The Cosmically Beautiful Sadness of SOPHIE’s Posthumous Album
Transgressive/Future Classic
The sudden loss of Sophie Xeon in January 2021 punched a hole through the heart of the music world. The boundary-breaking producer and musical innovator, known professionally by the mononym SOPHIE, had touched countless listeners with her otherworldly sounds. She was a pioneer of hyperpop whose artistry defined the genre, influencing artists like Rina Sawayama, 100 gecs, and Frost Children to name only a few. Her debut 2018 album OIL OF EVERY PEARL’S UN-INSIDES earned her a Grammy nomination in the Best Dance/Electronic Album category — a first for any trans artist. Her singular production style even caught the ears of global pop superstars like Madonna, whose 2015 hit “Bitch I’m Madonna” was co-written by the Scottish-born producer.

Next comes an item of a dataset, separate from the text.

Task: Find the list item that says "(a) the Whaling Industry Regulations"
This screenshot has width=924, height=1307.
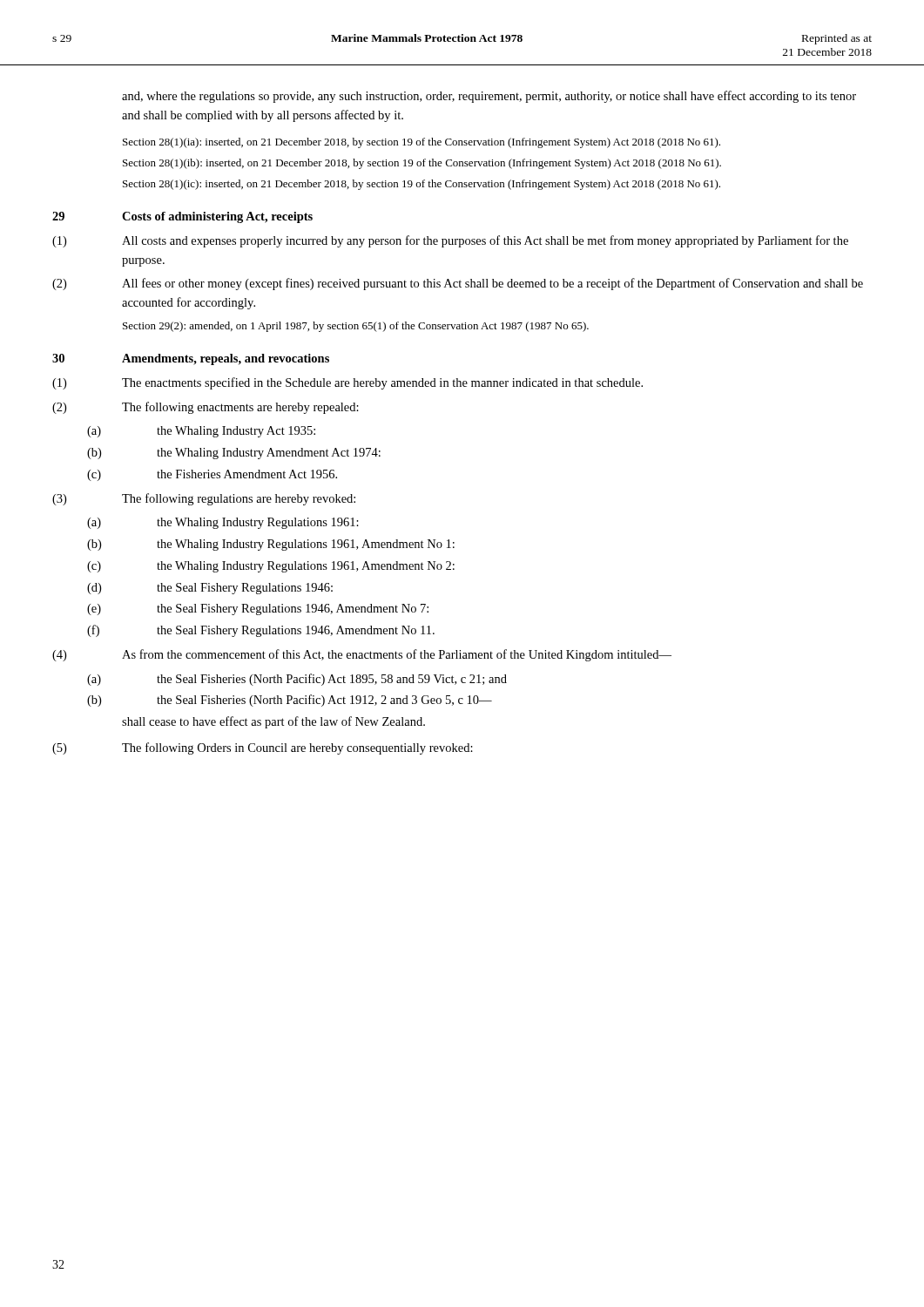Action: [223, 523]

Three years after her passing, her influence is more evident than ever in the form of 2024 “it girl” Charli XCX, whose 2016 EP VROOM VROOM was completely produced by SOPHIE. That EP signaled a sea change for XCX as one of pop’s top experimentalists, thanks in large part to Sophie’s exaggerated signature sounds. On Brat, which became a de facto summer soundtrack, Charli XCX paid homage to her late friend on the track “So I,” with lyrics referencing the SOPHIE ballad “It’s Okay to Cry.” Given this profound impact on our present moment, the release of SOPHIE, her posthumous self-titled sophomore album, is a vital tribute to her legacy that couldn’t arrive at a more fitting time.
SOPHIE was close to completion before her tragic accidental death at the age of 34, and it was finished with the help of studio manager and collaborator Benny Long, who had assisted SOPHIE with mixing, mastering and some production on OIL OF EVERY PEARL’S UN-INSIDES. The two had worked together on the concept of SOPHIE for years prior to her death. The genre-hopping album, out Sep 27 via Transgressive and Future Classic, features vocals from some of her closest collaborators including Kim Petras, Juliana Huxtable, and PC music stalwart Hannah Diamond.

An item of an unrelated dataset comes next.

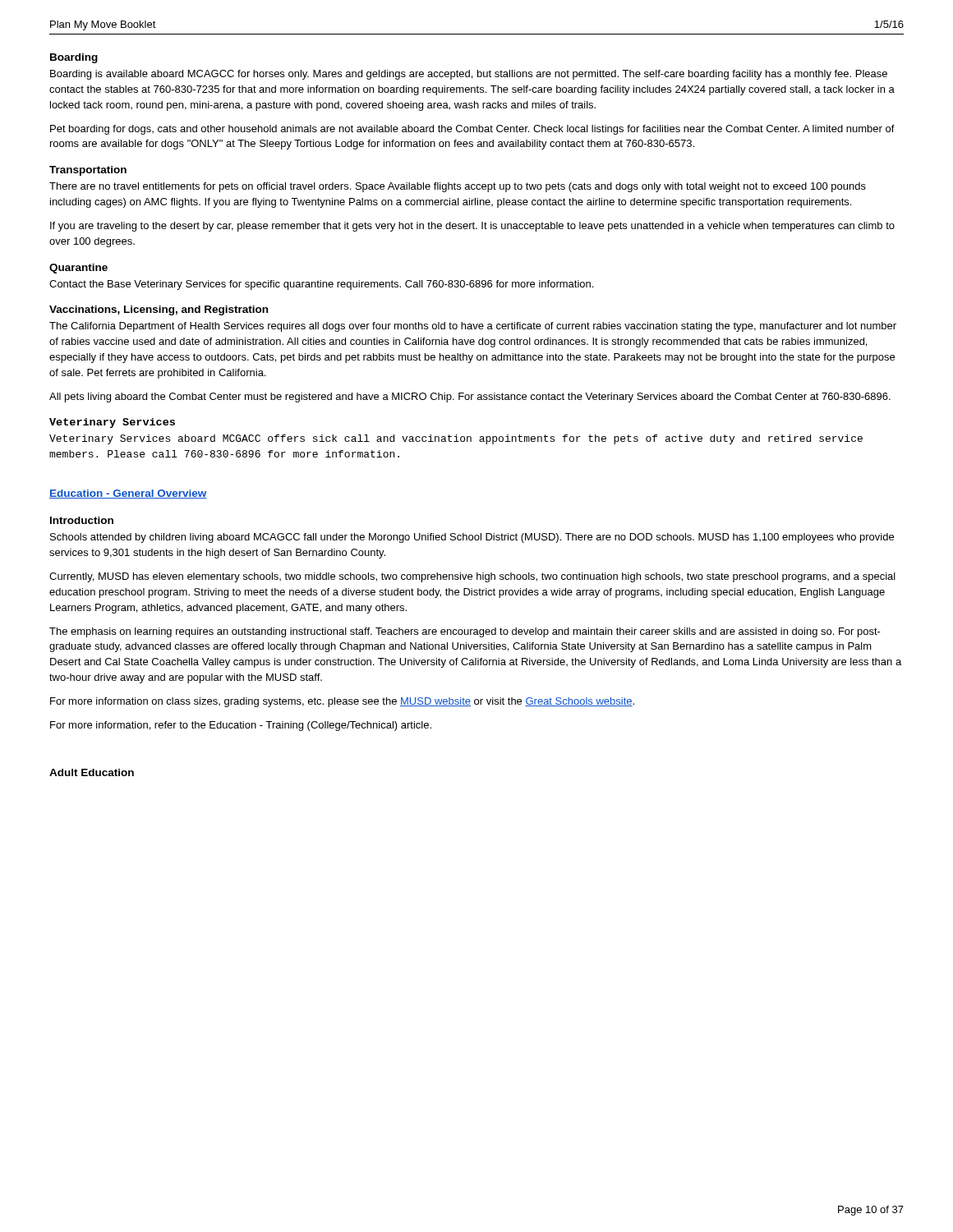The image size is (953, 1232).
Task: Find the block on this page that starts "Boarding is available aboard"
Action: tap(472, 89)

To the excited surprise of fans, the first SOPHIE single dropped in late June. The pop banger “Reason Why,” featuring Kim Petras and BC Kingdom, showcases the euphoric house vibes that SOPHIE perfected and serves as a spiritual sequel to her 2013 single “Nothing More To Say.” Though there is a playfulness to the track, with lyrics celebrating Ibiza party culture and designer clothes, Sophie’s passing lends an ineffable melancholy to even the most upbeat tracks on the record. Tracks like the spritely “Why Lies” — another collaboration with BC Kingdom, this time with vocals from Y2K revival artist LIZ — have a certain unavoidable metatextual sadness. The track highlights Sophie’s most saccharine pop proclivities with space age synths and ’90s freestyle rhythms. But the sweetness of the nostalgia-coded number only accentuates the painful loss of a vibrant creative mind, making the party atmosphere all the more bittersweet and fragile.

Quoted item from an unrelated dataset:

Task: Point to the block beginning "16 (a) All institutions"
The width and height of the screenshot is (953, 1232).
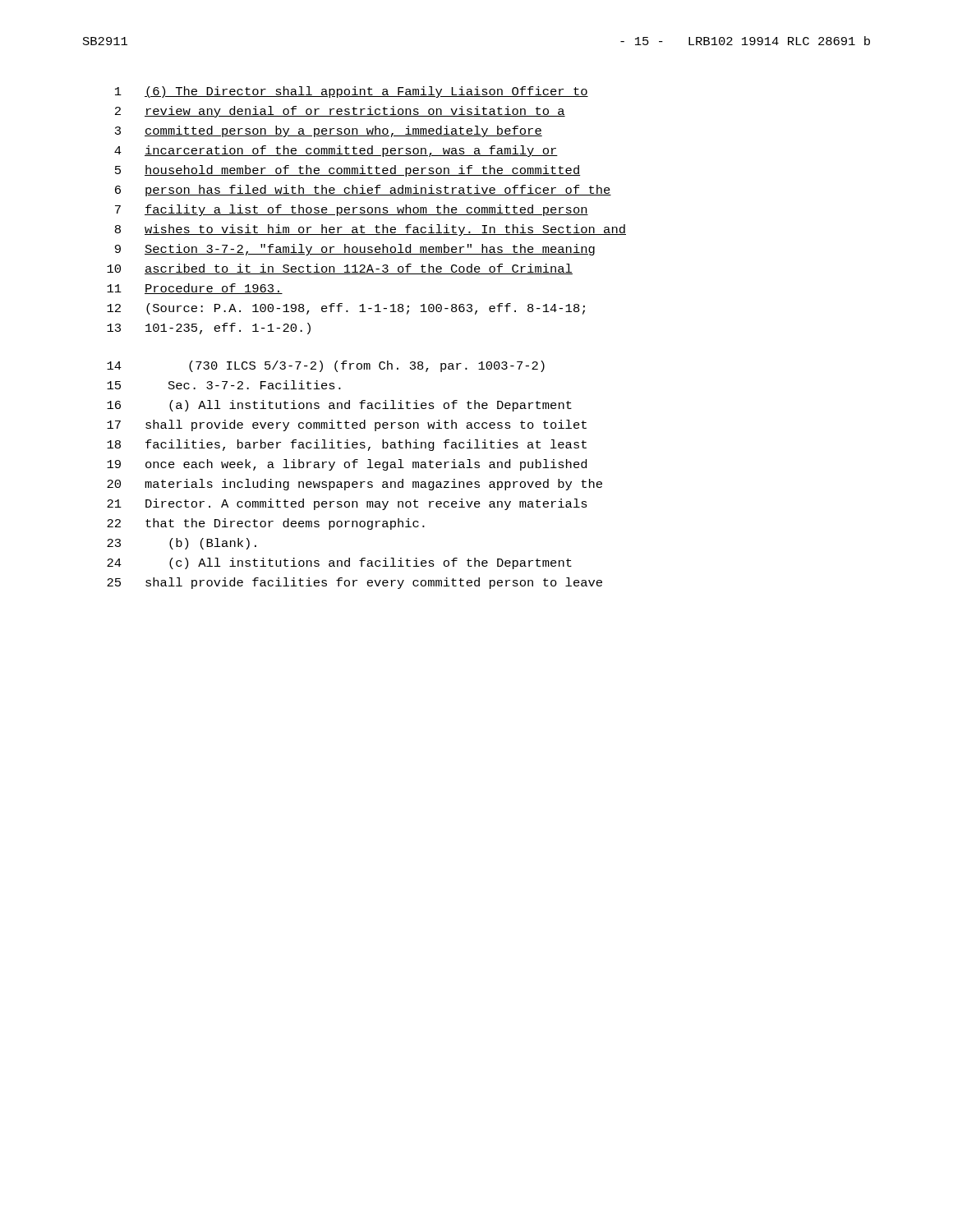Action: 476,465

Perhaps the most poignant track — and my personal favorite on SOPHIE — is the Hannah Diamond collaboration “Always and Forever,” a hyperpop lullabye that feels like a goodbye letter to a dear friend. With cascading synths accented with gentle digital squeaks atop a simple pulsating beat, the track is refreshingly featherlight, made even more delicate by Diamond’s wispy vocals front and center. “Always and forever, forever and for always, we’ll be shining together,” she sings. “And as the years go by, you’ll still be by my side.” Her childlike timbre makes the song all the more touching. Though simple in composition and the most understated track on the record, the song seems to carry the most weight. It is enigmatic in the sense that it was produced and written by SOPHIE, yet its lyrics take on a haunting, heartbreaking new meaning because it had to be completed in her absence.
The “Unholy” singer is the first out trans woman to win the Best Pop Duo award.
That emotional mystery is metonymic for the project of the album writ large. In many ways, SOPHIE grapples with being a tribute while also serving as the producer’s final transmission from beyond. The 16-track collection resonates with reverberating echoes of her remarkable catalog while beautifully capturing the essence of what could have been. Her unique heaven-sent talent makes it challenging to really know what new heights of sonic innovation the producer would have gone on to concoct, and SOPHIE can ultimately only offer a glimpse of that alternate future. This is not a perfectly coherent, effortlessly masterful LP like OIL OF EVERY PEARL'S UN-INSIDES, but that is no fault to the many collaborators, Long included, who painstakingly worked on completing this labor of love. Indeed, there is something more cosmic, spiritual and inexpressible about what is missing —a poignant reminder of the profound void left by SOPHIE’s departure from our astral plane.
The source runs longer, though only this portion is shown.